Now entering its second phase, the Quantum Advantage-Class Trapped Ion System (QACTI) project co-headed by Computer Science Prof. Fred Chong seeks to build two unprecedented quantum computing systems: a 60-qubit “proof of concept” machine anticipated by 2029, and a 256-qubit ion trap computer by 2033. Both targets represent significant advancements in the ability to tackle scientific problems, from climate modeling to drug discovery, that are extremely challenging or even out of reach for conventional computers.
UChicago researchers led by UChicago PME Prof. Liang Jiang are part of an international, multi-institution collaboration that has shown a significant speed-up in using quantum learning techniques to characterize physical systems. The team showed that while a classical, entanglement-free approach to these measurements would take 20 million years, their quantum, entanglement-enhanced approach took less than 15 minutes.
A team of scientists from the lab of UChicago PME Prof. David Awschalom, the University of California Berkeley, Argonne National Laboratory, and Lawrence Berkeley National Laboratory has developed molecular qubits that bridge the gap between light and magnetism—and operate at the same frequencies as telecommunications technology. The advance establishes a promising new building block for scalable quantum technologies that can integrate seamlessly with existing fiber-optic networks.
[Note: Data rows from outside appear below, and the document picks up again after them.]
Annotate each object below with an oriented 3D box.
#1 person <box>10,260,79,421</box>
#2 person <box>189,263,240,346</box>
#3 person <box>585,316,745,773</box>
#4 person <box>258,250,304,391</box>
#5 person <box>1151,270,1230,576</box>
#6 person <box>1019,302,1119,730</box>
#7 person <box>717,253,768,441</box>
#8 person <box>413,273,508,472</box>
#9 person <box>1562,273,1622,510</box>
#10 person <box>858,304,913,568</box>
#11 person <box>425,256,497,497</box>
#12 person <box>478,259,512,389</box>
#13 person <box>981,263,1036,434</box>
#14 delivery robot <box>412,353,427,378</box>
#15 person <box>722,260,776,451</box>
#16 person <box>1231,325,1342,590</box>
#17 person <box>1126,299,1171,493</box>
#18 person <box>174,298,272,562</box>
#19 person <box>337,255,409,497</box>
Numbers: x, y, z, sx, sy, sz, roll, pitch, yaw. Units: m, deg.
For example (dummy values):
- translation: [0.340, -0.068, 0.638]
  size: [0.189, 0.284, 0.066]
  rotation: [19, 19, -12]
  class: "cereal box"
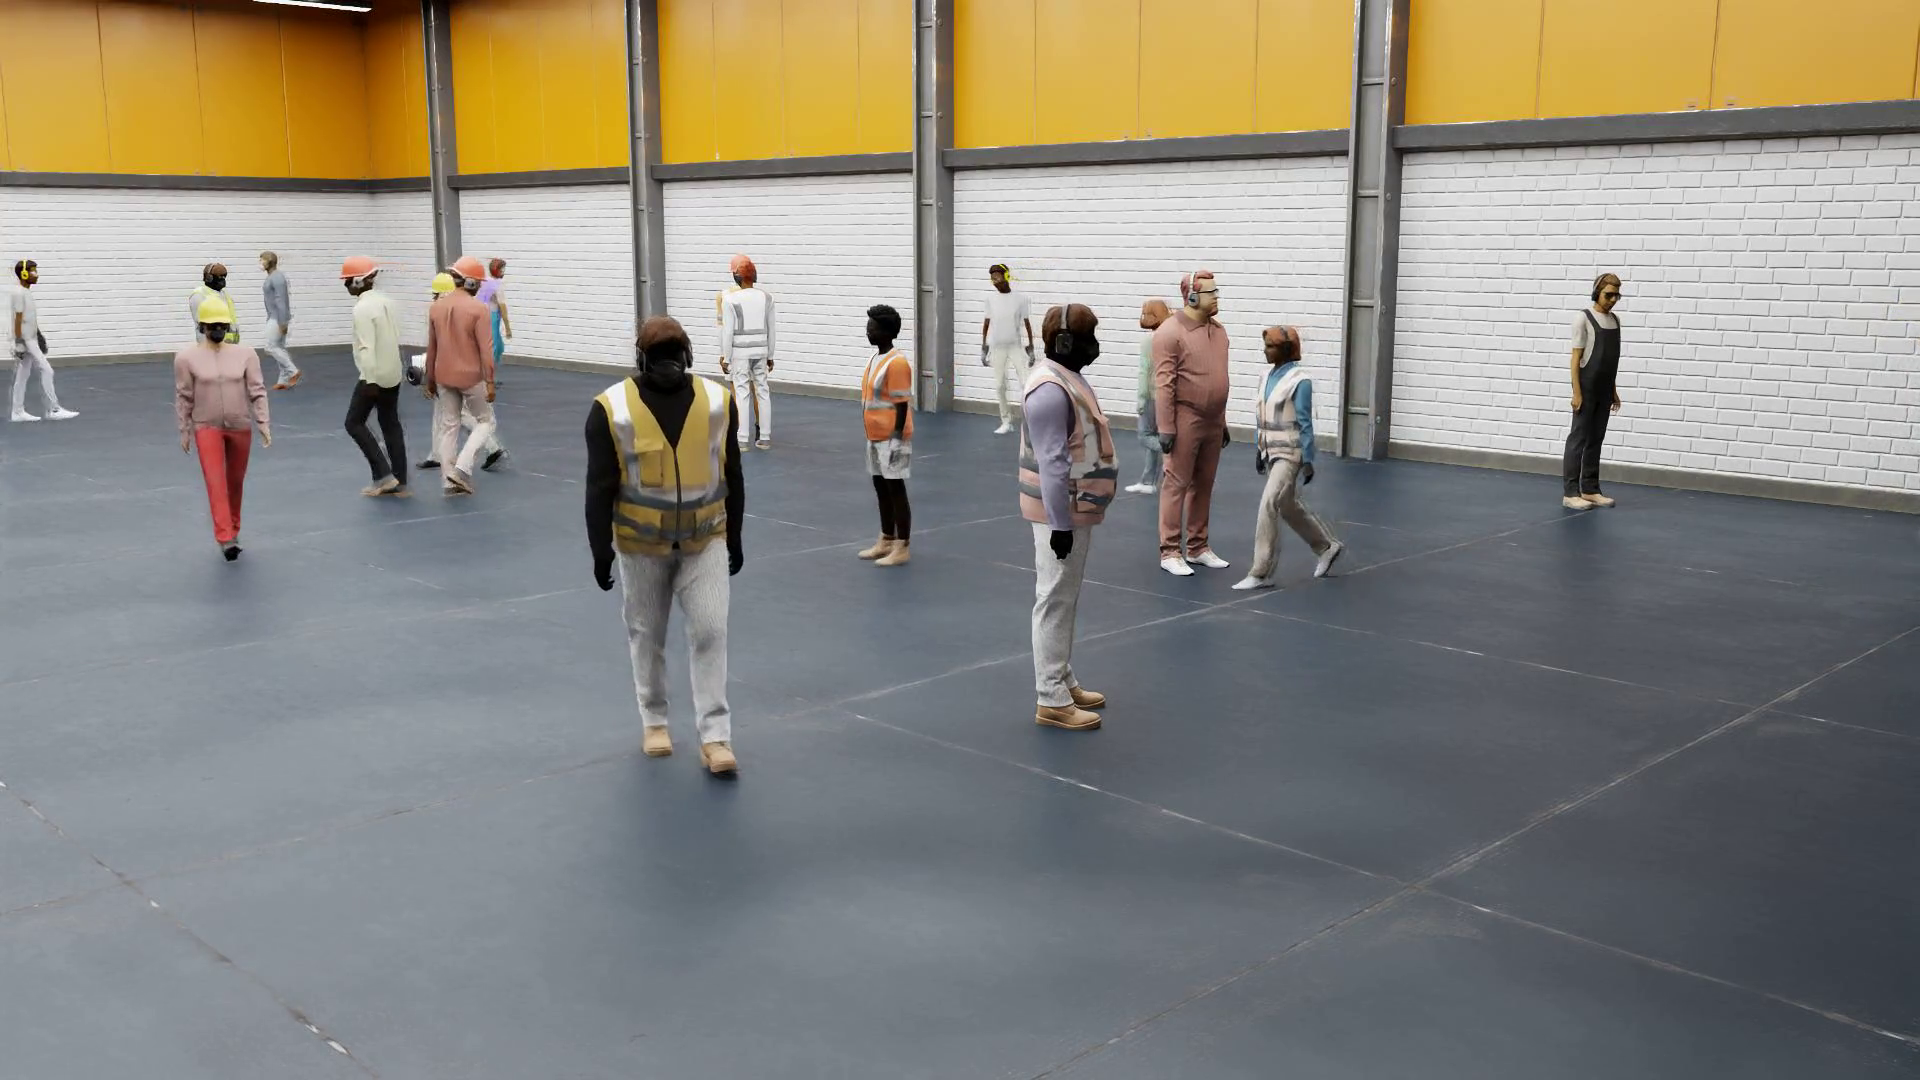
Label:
- translation: [-10.583, -2.283, 19.134]
  size: [0.823, 1.836, 0.573]
  rotation: [-5, 11, -24]
  class: "person"
- translation: [-7.999, -2.064, 17.960]
  size: [0.429, 1.838, 0.621]
  rotation: [1, 10, 5]
  class: "person"
- translation: [-1.141, 0.031, 6.604]
  size: [0.657, 1.809, 0.831]
  rotation: [-3, 11, -18]
  class: "person"
- translation: [-9.371, -2.992, 22.762]
  size: [0.434, 1.924, 0.640]
  rotation: [-5, 12, -26]
  class: "person"
- translation: [1.495, -0.740, 10.531]
  size: [0.651, 1.913, 0.410]
  rotation: [-10, 14, -43]
  class: "person"
- translation: [0.476, -0.110, 7.288]
  size: [0.429, 1.844, 0.627]
  rotation: [2, 11, 10]
  class: "person"
- translation: [-2.236, -1.980, 17.213]
  size: [0.545, 1.942, 0.350]
  rotation: [-2, 11, -13]
  class: "person"
- translation: [-4.527, -1.501, 14.994]
  size: [0.873, 1.803, 0.600]
  rotation: [0, 10, 2]
  class: "person"
- translation: [4.973, -1.160, 13.020]
  size: [0.506, 1.839, 0.343]
  rotation: [-6, 12, -31]
  class: "person"
- translation: [-0.478, -0.672, 10.747]
  size: [0.316, 1.695, 0.540]
  rotation: [-5, 11, -24]
  class: "person"
- translation: [-4.059, -1.311, 13.527]
  size: [0.732, 1.965, 0.456]
  rotation: [3, 11, 18]
  class: "person"
- translation: [-6.478, -2.977, 23.042]
  size: [0.458, 1.807, 0.658]
  rotation: [-7, 13, -35]
  class: "person"
- translation: [0.539, -2.044, 17.848]
  size: [0.663, 1.836, 0.378]
  rotation: [2, 11, 13]
  class: "person"
- translation: [-7.465, -2.519, 23.678]
  size: [0.707, 0.478, 0.477]
  rotation: [7, 13, 34]
  class: "delivery robot"
- translation: [-2.097, -1.820, 16.509]
  size: [0.576, 1.880, 0.355]
  rotation: [-7, 12, -33]
  class: "person"
- translation: [2.027, -0.510, 10.135]
  size: [0.794, 1.609, 0.519]
  rotation: [-4, 11, -19]
  class: "person"
- translation: [1.644, -1.161, 13.613]
  size: [0.586, 1.616, 0.513]
  rotation: [7, 12, 32]
  class: "person"
- translation: [-4.825, -0.719, 10.941]
  size: [0.538, 1.716, 0.942]
  rotation: [-7, 13, -34]
  class: "person"
- translation: [-4.741, -1.312, 13.472]
  size: [0.485, 1.971, 0.640]
  rotation: [1, 10, 5]
  class: "person"

Working with collaborators at the Abdus Salam International Centre for Theoretical Physics (ICTP), UChicago PME and Chemistry Prof. Giulia Galli has used quantum mechanical simulations to reveal how tiny imperfections in ice's crystal structure dramatically alter how ice absorbs and emits light. The findings pave the way for scientists to better understand what happens at a sub-atomic scale when ice melts, which has implications including improving predictions of the release of greenhouse gases from thawing permafrost.
UChicago Physics Assoc. Prof. David Miller is part of a collaboration with the Department of Energy’s Fermi National Accelerator Laboratory, Diraq, University of Wisconsin-Madison and Manchester University that proposed the development of a quantum sensor made of quantum bits called spin qubits in silicon to probe beyond Standard Model physics. By placing many spin qubits together on a chip to form a sensor, the researchers seek to enable scientists to tease out even the faintest signals from the cosmos.
Scientists studying a promising quantum material in the lab of UChicago PME Asst. Prof. Shuolong Yang stumbled upon a surprise: within its crystal structure, the material naturally forms one of the world’s thinnest semiconductor junctions—a building block of most modern electronics. The junction is just 3.3 nanometers thick, about 25,000 times thinner than a sheet of paper.
Quantum materials startup staC12, which spun out of the lab of UChicago PME Assoc. Prof. Alex High joined the Chicago Quantum Exchange as a corporate partner. Headed by College alumna Avery Linder based on research published in 2024, staC12 develops integrated single-crystal diamond materials for next-generation quantum and semiconductor technologies.